El hallazgo no solo amplía nuestro conocimiento sobre la diversidad de los mosasaurios, sino que también corrige errores de clasificación anteriores. Fósiles que antes se atribuían a Tylosaurus proriger, provenientes principalmente de Kansas, resultaron pertenecer a esta nueva especie, que habitó mayormente la región que hoy conocemos como Texas. La diferencia temporal y geográfica, así como rasgos físicos distintivos, evidencian que este nuevo T. rex fue un depredador único y más agresivo que otros mosasaurios conocidos.
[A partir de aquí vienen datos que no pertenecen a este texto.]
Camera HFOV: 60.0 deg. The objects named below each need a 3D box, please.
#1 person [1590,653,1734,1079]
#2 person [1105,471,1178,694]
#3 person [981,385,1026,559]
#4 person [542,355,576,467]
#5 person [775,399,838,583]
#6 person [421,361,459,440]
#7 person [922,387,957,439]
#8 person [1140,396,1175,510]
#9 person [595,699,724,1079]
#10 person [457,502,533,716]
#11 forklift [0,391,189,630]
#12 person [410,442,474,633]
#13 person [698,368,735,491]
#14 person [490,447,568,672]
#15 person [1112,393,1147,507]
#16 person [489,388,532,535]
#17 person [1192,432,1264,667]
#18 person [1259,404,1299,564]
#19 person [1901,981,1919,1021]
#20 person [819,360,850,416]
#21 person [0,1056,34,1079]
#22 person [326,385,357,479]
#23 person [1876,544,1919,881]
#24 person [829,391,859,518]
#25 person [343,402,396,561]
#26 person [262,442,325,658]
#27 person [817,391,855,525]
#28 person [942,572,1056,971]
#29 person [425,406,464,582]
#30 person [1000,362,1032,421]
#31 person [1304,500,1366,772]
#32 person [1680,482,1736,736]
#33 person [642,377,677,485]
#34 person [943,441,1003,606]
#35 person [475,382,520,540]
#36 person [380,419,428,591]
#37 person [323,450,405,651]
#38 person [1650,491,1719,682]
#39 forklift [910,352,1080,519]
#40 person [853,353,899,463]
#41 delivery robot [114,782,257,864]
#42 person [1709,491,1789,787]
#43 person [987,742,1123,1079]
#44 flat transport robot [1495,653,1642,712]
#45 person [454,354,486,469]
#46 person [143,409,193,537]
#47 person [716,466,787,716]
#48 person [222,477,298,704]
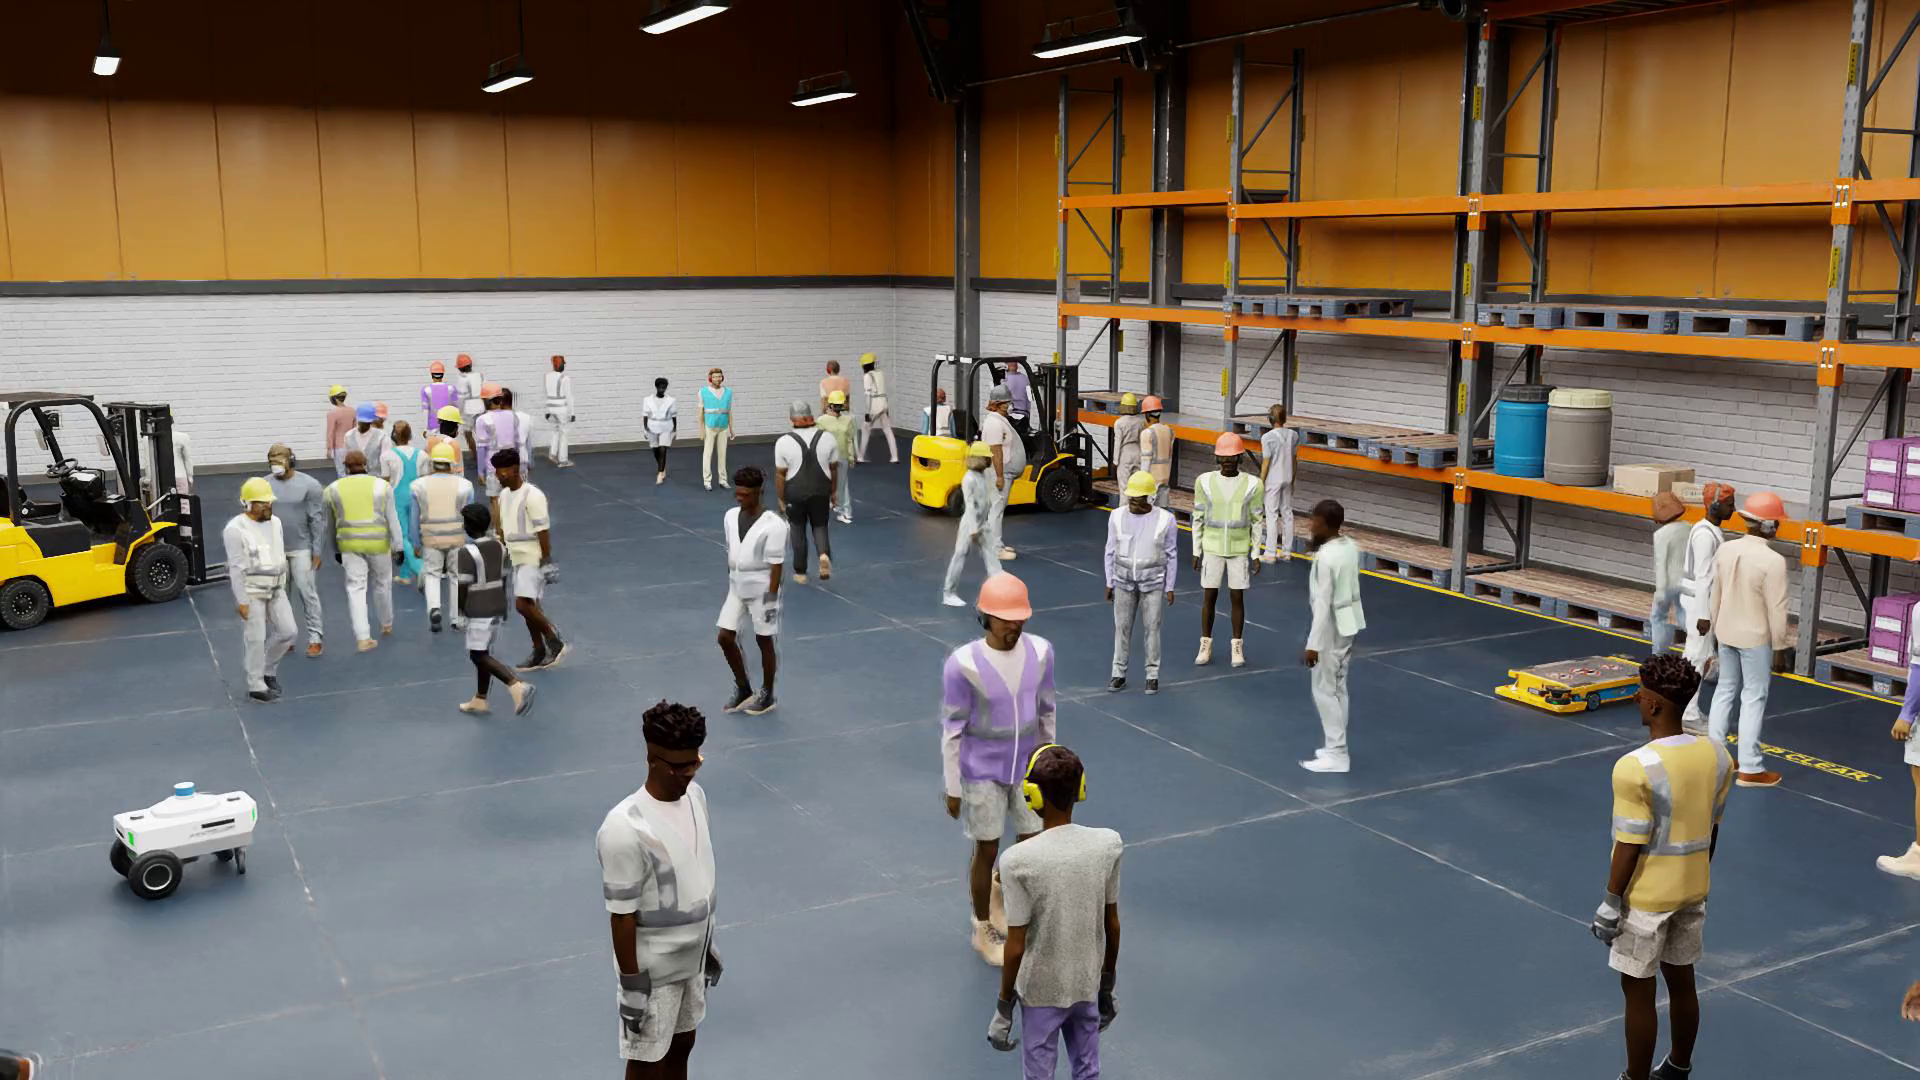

Ejemplar de Tylosaurus rex que se exhibe en el Museo Perot de Naturaleza y Ciencia en Dallas. Foto: Museo Perot de Naturaleza y Ciencia
Gigante de los mares: características y adaptación de Tylosaurus rex
Los mosasaurios eran reptiles marinos emparentados con lagartos y serpientes, no con dinosaurios, y la nueva especie se destacó incluso dentro de esta impresionante familia. Los tylosaurinos, su subfamilia, se caracterizaban por hocicos sin dientes, colas largas y extremidades relativamente débiles, adaptaciones que facilitaban la vida en aguas abiertas. Sin embargo, T. rex sobresalía por su enorme tamaño y dientes finamente serrados, diseñados para desgarrar presas con eficiencia.
Además, poseía una musculatura poderosa en mandíbula y cuello, que le permitía capturar presas grandes y enfrentarse a rivales de su propia especie. 'Además de ser enorme, aproximadamente el doble del tamaño del tiburón blanco más grande, Tylosaurus rex parecía un animal mucho más fiero que otros mosasaurios', señaló el Dr. Ron Tykoski, curador de paleontología de vertebrados en el Perot Museum. Estas adaptaciones lo convirtieron en el verdadero rey de su ecosistema marino.
Fósiles reveladores: del descubrimiento a la redefinición de la especie
El estudio de T. rex comenzó cuando la paleontóloga Amelia Zietlow, del American Museum of Natural History, identificó un fósil previamente mal catalogado como T. proriger. Tras comparar más de una docena de especímenes de distintas instituciones, los investigadores confirmaron que se trataba de una especie distinta, ligeramente más joven y localizada principalmente en Texas.
Entre los fósiles destacados se encuentran The Black Knight, con la punta del hocico perdida y mandíbula inferior fracturada, evidencia de agresión intraespecífica, y otros ejemplares históricos como Bunker, descubierto en 1911 en la Universidad de Kansas, y Sophie, exhibido en el Yale Peabody Museum. Estos hallazgos no solo redefinen el taxón, sino que también revelan un comportamiento violento y territorial que no se había documentado en otros Tylosaurus.